Considerable progress has been made since the SAR in the realism of the ocean component of climate models. Models now exist which simultaneously maintain realistic poleward heat transports, surface temperatures and thermocline structure, and this has been a vital contributor to the improvement in non-flux adjusted models. However, there are still a number of processes which are poorly resolved or represented, for example western boundary currents (see Chapter 7, Section 7.3.6), convection (Chapter 7, Section 7.3.2), overflows (Chapter 7, Section 7.3.5), Indonesian through flow, eddies (including Agulhas eddies which travel long distances and may be hard to treat by a local parametrization; Chapter 7, Section 7.3.4), Antarctic Bottom Water formation (Chapter 7, Section 7.3.2) and interior diapycnal mixing (Chapter 7, Section 7.3.3). In many cases, the importance of these processes in controlling transient climate change has not been evaluated. Over the next few years there is likely to be a further move to finer resolution models, and a wider range of model types; these developments are likely to reduce further some of these uncertainties. Finally, there is still only patchy understanding of the effects of sub-grid scale parametrizations in the context of coupled models. Valuable understanding can be gained from sensitivity studies using ocean or atmosphere models alone, but Figure 8.9 shows the inherently coupled nature of the climate system - changes in ocean parametrizations can have a significant impact throughout the depth of the atmosphere (the reverse is also true). Further sensitivity studies in the coupled model context will help to quantify and reduce uncertainty in this area.
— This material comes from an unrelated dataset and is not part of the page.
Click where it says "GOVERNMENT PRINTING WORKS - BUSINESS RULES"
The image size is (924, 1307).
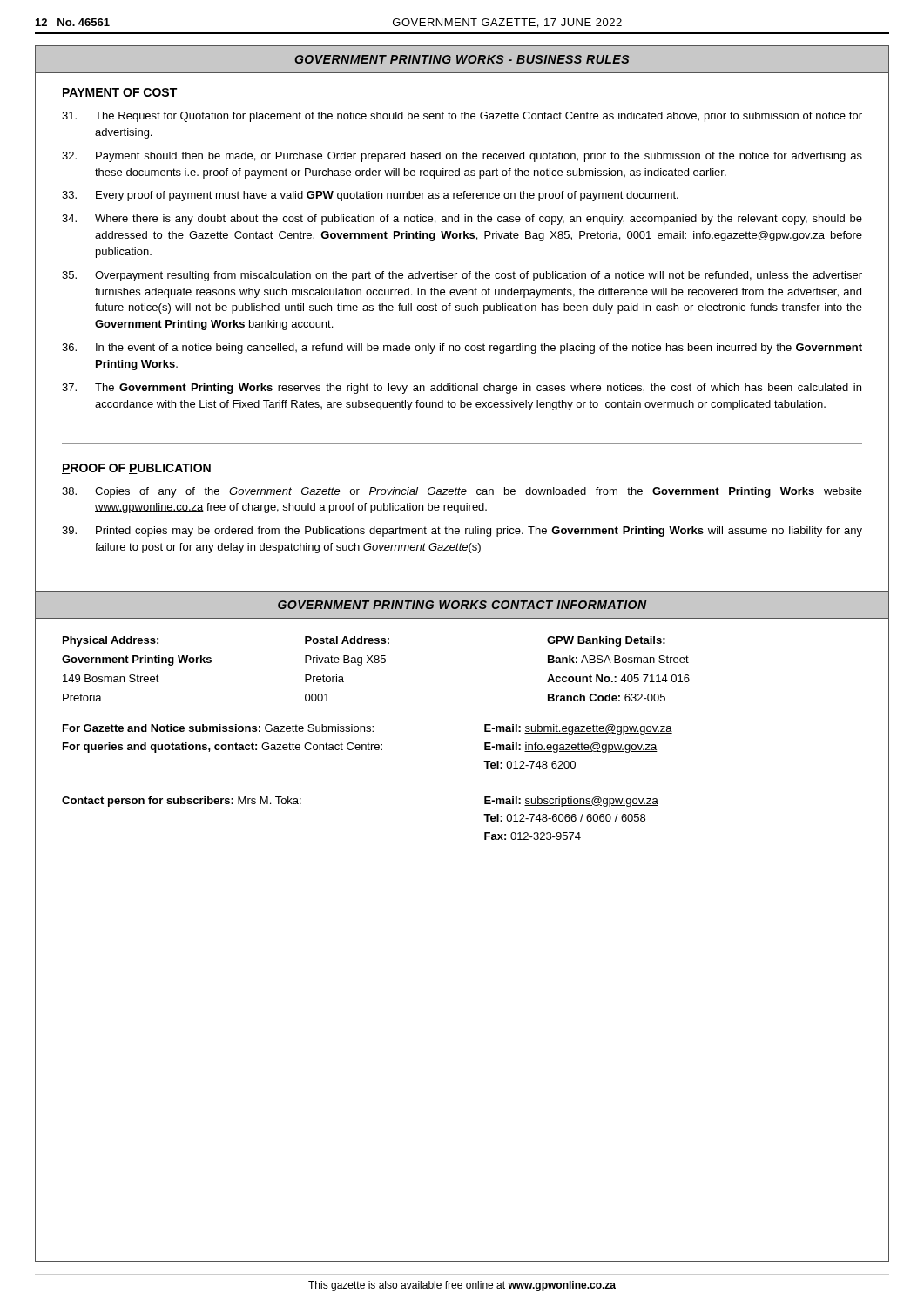(x=462, y=59)

Figure 8.9: Zonal mean air and sea temperature “errors” in °C (defined here as the difference from the initial model state, which was derived from observations), for three different coupled models. The models are all versions of the ARPEGE/OPA model, with T31 atmospheric resolution, and differ only in the parametrization of lateral mixing used in the ocean component ((a) lateral diffusion, (b) isopycnal diffusion, (c) the scheme of Gent and McWilliams (1990)). The different mixing schemes produce different rates of heat transport between middle and high latitudes, especially in the Southern Hemisphere. The atmosphere must adjust in order to radiate the correct amount of heat to space at high latitudes (Chapter 7, Section 7.6 and Section 8.4.1), and this adjustment results in temperature differences at all levels of the atmosphere. From Guilyardi (1997). |
While the important role of sea ice in projections of future climate has been widely recognised (Chapter 7, Section 7.5.2), results of systematic intercomparisons or sensitivity studies of AOGCM sea-ice components remain very limited. The sea-ice simulations of fifteen global coupled models contributed to CMIP1 are summarised in Table 8.3. (All these models are also presented in Table 8.1, where the last two columns indicate whether an ice dynamics scheme is included, and whether the model is flux adjusted.) Sea-ice thermodynamic formulations of the coupled models are mostly based on simplified schemes: few employ a multi-layer representation of heat transfer through the ice, while the rest assume a linear temperature profile. In addition, roughly half of the models ignore leads and polynyas in the ice although these account for principal thermodynamic coupling of the atmosphere and ocean. Some models also ignore the thermodynamic effects of snow on sea ice. Despite the rather mature status of sea-ice dynamics modelling (e.g., the Sea Ice Model Intercomparison Project (SIMIP), Lemke et al., 1997), only two of the fifteen models include a physically based ice dynamics component. Three of the fifteen models allow ice to be advected with the ocean currents (the so-called free drift’ scheme), and the remainder assume a motionless ice cover. Overall, this highlights the slow adoption, within coupled climate models, of advances in stand-alone sea ice and coupled sea-ice/ocean models (Chapter 7, Section 7.5.2).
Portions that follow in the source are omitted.